* _Task to carry out_:
Omit the pictures, then reproduce every remaining record exactly.

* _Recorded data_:

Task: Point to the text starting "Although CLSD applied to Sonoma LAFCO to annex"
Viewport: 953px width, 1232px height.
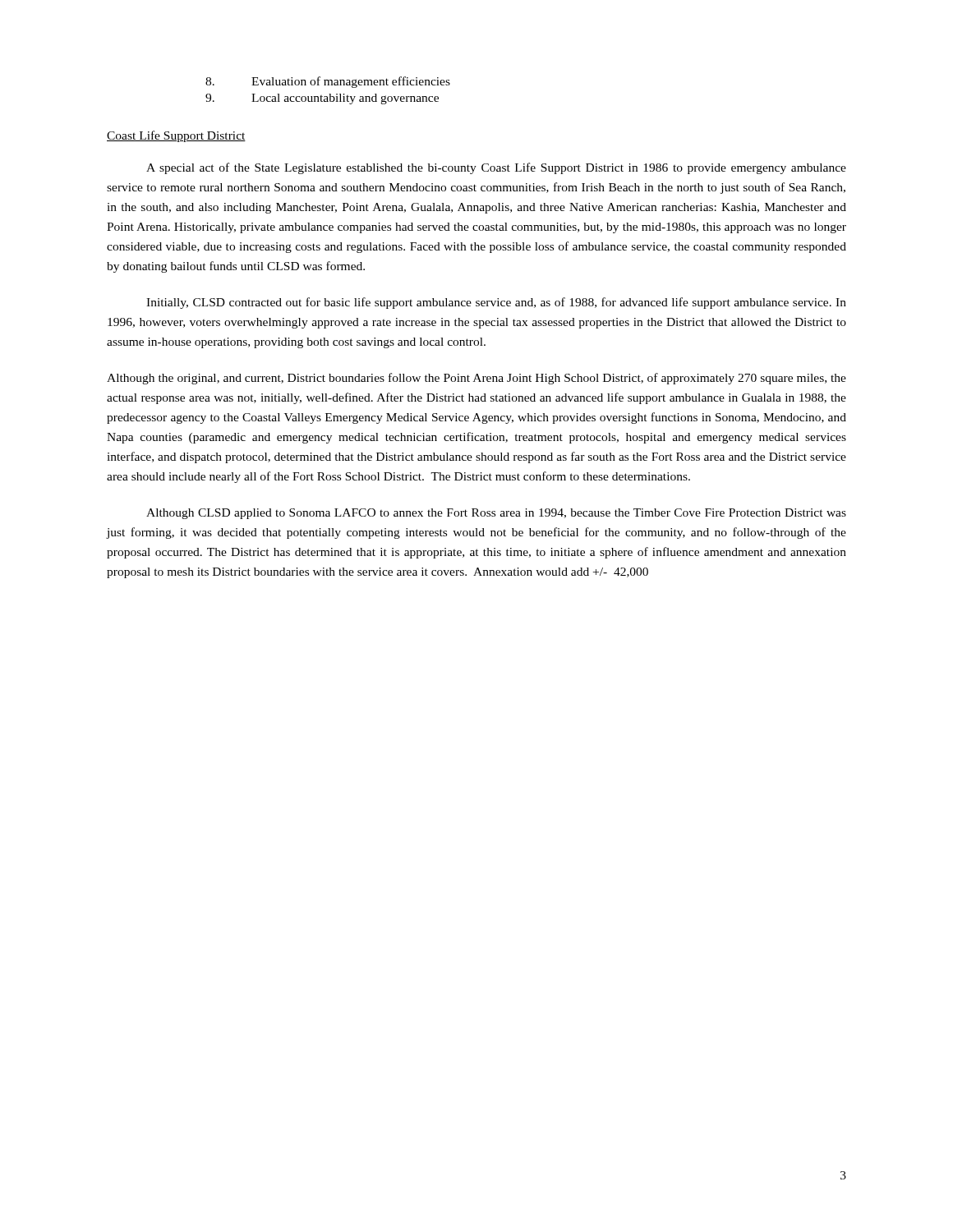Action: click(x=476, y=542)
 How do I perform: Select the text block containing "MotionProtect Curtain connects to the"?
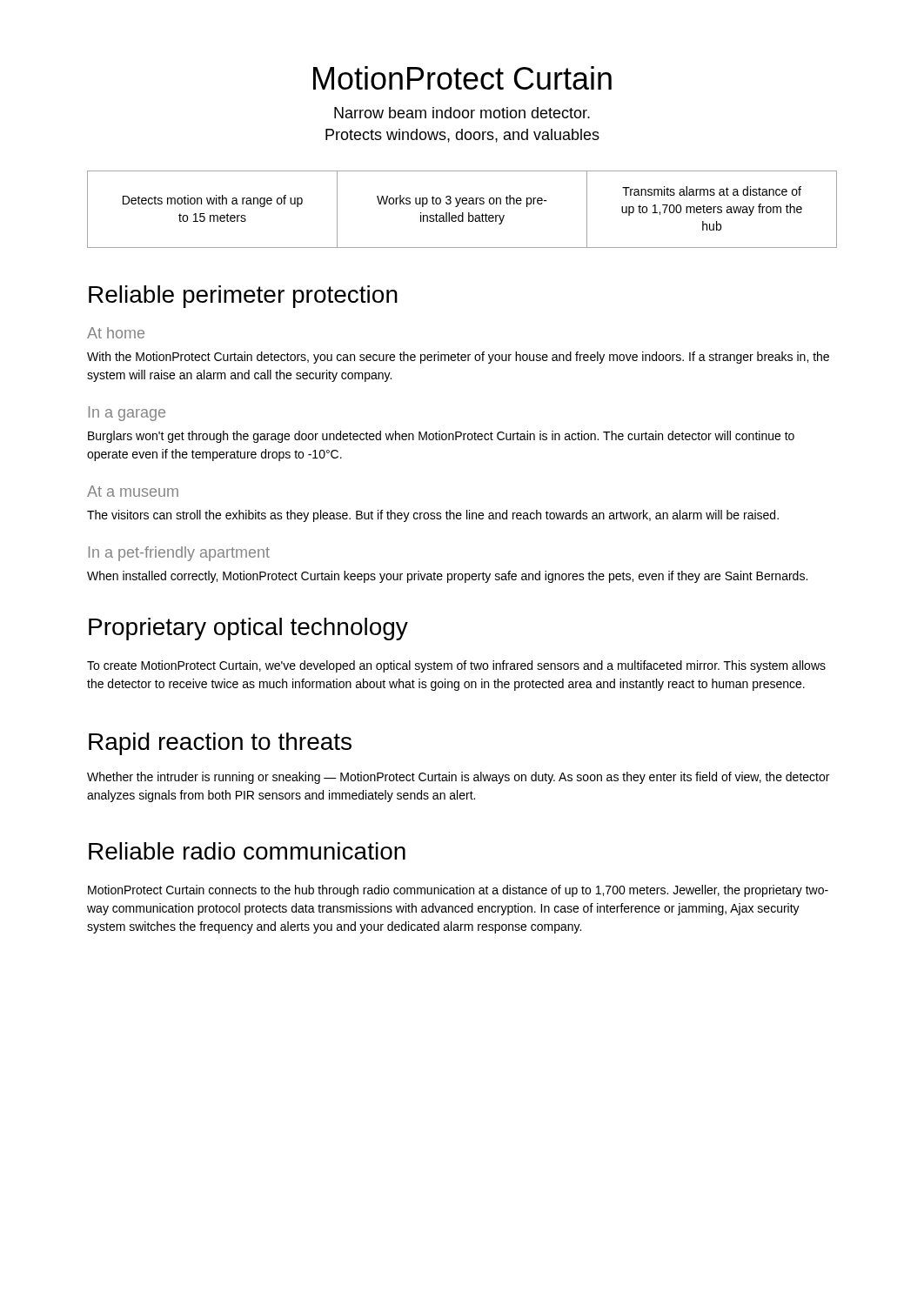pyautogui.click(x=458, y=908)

* _Output for this task_:
Task: Point to the text starting "Although CLSD applied to Sonoma LAFCO to annex"
Viewport: 953px width, 1232px height.
Action: click(x=476, y=542)
 How do I perform: Select the text block containing "MotionProtect Curtain connects to the"?
pyautogui.click(x=458, y=908)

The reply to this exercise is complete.